WORK REQUEST:
Your task is to copy the data exactly while leaving out every picture.

[Items from a data source]
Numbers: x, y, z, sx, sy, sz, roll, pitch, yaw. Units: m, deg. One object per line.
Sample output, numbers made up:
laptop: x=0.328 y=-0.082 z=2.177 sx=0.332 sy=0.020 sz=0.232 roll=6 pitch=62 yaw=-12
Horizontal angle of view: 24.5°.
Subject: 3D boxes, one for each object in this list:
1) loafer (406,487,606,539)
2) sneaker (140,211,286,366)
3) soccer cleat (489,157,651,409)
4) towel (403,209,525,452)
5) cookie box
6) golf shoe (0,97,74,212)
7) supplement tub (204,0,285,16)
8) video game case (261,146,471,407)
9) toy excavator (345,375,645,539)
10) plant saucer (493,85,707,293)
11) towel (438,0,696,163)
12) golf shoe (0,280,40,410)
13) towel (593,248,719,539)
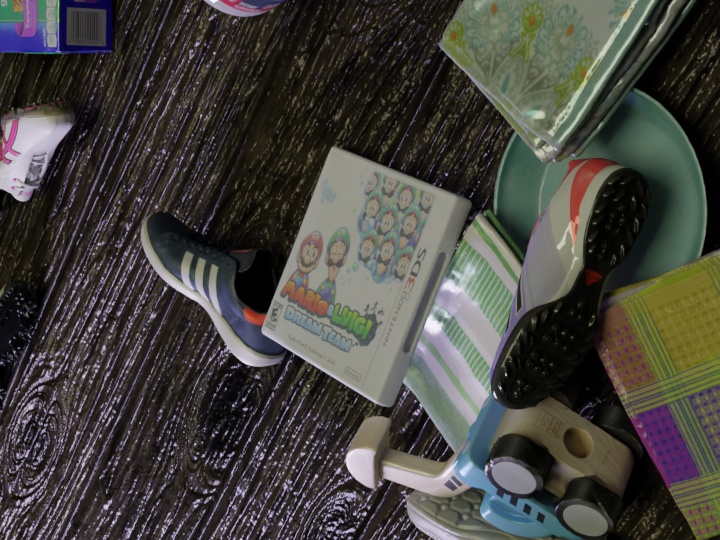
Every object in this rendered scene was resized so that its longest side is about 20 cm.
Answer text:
loafer: x=0.120 y=0.229 z=1.356 sx=0.199 sy=0.070 sz=0.070 roll=20 pitch=127 yaw=39
sneaker: x=-0.127 y=-0.004 z=1.575 sx=0.200 sy=0.075 sz=0.085 roll=44 pitch=123 yaw=21
soccer cleat: x=0.147 y=0.009 z=1.251 sx=0.073 sy=0.068 sz=0.201 roll=29 pitch=94 yaw=57
towel: x=0.102 y=0.069 z=1.366 sx=0.153 sy=0.023 sz=0.201 roll=53 pitch=138 yaw=26
cookie box: x=-0.351 y=-0.316 z=1.758 sx=0.199 sy=0.075 sz=0.173 roll=7 pitch=99 yaw=44
golf shoe: x=-0.356 y=-0.125 z=1.786 sx=0.200 sy=0.072 sz=0.093 roll=-23 pitch=83 yaw=52
supplement tub: x=-0.060 y=-0.316 z=1.439 sx=0.199 sy=0.140 sz=0.141 roll=-19 pitch=80 yaw=43
video game case: x=0.000 y=0.000 z=1.427 sx=0.200 sy=0.024 sz=0.183 roll=26 pitch=97 yaw=54
toy excavator: x=0.101 y=0.158 z=1.320 sx=0.194 sy=0.100 sz=0.200 roll=32 pitch=141 yaw=-4
plant saucer: x=0.192 y=-0.047 z=1.292 sx=0.199 sy=0.036 sz=0.202 roll=5 pitch=97 yaw=43
towel: x=0.160 y=-0.205 z=1.273 sx=0.200 sy=0.048 sz=0.171 roll=-54 pitch=50 yaw=20
golf shoe: x=-0.427 y=0.078 z=1.859 sx=0.095 sy=0.077 sz=0.201 roll=48 pitch=122 yaw=30
towel: x=0.259 y=0.090 z=1.220 sx=0.143 sy=0.023 sz=0.201 roll=-28 pitch=87 yaw=40

SOLUTION FOR THIS PROBLEM:
Numbers: x, y, z, sx, sy, sz, roll, pitch, yaw. Units: m, deg. One object per line.
Sample output, numbers made up:
laptop: x=0.328 y=-0.082 z=2.177 sx=0.332 sy=0.020 sz=0.232 roll=6 pitch=62 yaw=-12
Horizontal angle of view: 24.5°.
Subject: 3D boxes, one for each object in this list:
1) loafer (406,487,606,539)
2) sneaker (140,211,286,366)
3) soccer cleat (489,157,651,409)
4) towel (403,209,525,452)
5) cookie box
6) golf shoe (0,97,74,212)
7) supplement tub (204,0,285,16)
8) video game case (261,146,471,407)
9) toy excavator (345,375,645,539)
10) plant saucer (493,85,707,293)
11) towel (438,0,696,163)
12) golf shoe (0,280,40,410)
13) towel (593,248,719,539)
Every object in this rendered scene was resized so that its longest side is about 20 cm.
Answer text:
loafer: x=0.120 y=0.229 z=1.356 sx=0.199 sy=0.070 sz=0.070 roll=20 pitch=127 yaw=39
sneaker: x=-0.127 y=-0.004 z=1.575 sx=0.200 sy=0.075 sz=0.085 roll=44 pitch=123 yaw=21
soccer cleat: x=0.147 y=0.009 z=1.251 sx=0.073 sy=0.068 sz=0.201 roll=29 pitch=94 yaw=57
towel: x=0.102 y=0.069 z=1.366 sx=0.153 sy=0.023 sz=0.201 roll=53 pitch=138 yaw=26
cookie box: x=-0.351 y=-0.316 z=1.758 sx=0.199 sy=0.075 sz=0.173 roll=7 pitch=99 yaw=44
golf shoe: x=-0.356 y=-0.125 z=1.786 sx=0.200 sy=0.072 sz=0.093 roll=-23 pitch=83 yaw=52
supplement tub: x=-0.060 y=-0.316 z=1.439 sx=0.199 sy=0.140 sz=0.141 roll=-19 pitch=80 yaw=43
video game case: x=0.000 y=0.000 z=1.427 sx=0.200 sy=0.024 sz=0.183 roll=26 pitch=97 yaw=54
toy excavator: x=0.101 y=0.158 z=1.320 sx=0.194 sy=0.100 sz=0.200 roll=32 pitch=141 yaw=-4
plant saucer: x=0.192 y=-0.047 z=1.292 sx=0.199 sy=0.036 sz=0.202 roll=5 pitch=97 yaw=43
towel: x=0.160 y=-0.205 z=1.273 sx=0.200 sy=0.048 sz=0.171 roll=-54 pitch=50 yaw=20
golf shoe: x=-0.427 y=0.078 z=1.859 sx=0.095 sy=0.077 sz=0.201 roll=48 pitch=122 yaw=30
towel: x=0.259 y=0.090 z=1.220 sx=0.143 sy=0.023 sz=0.201 roll=-28 pitch=87 yaw=40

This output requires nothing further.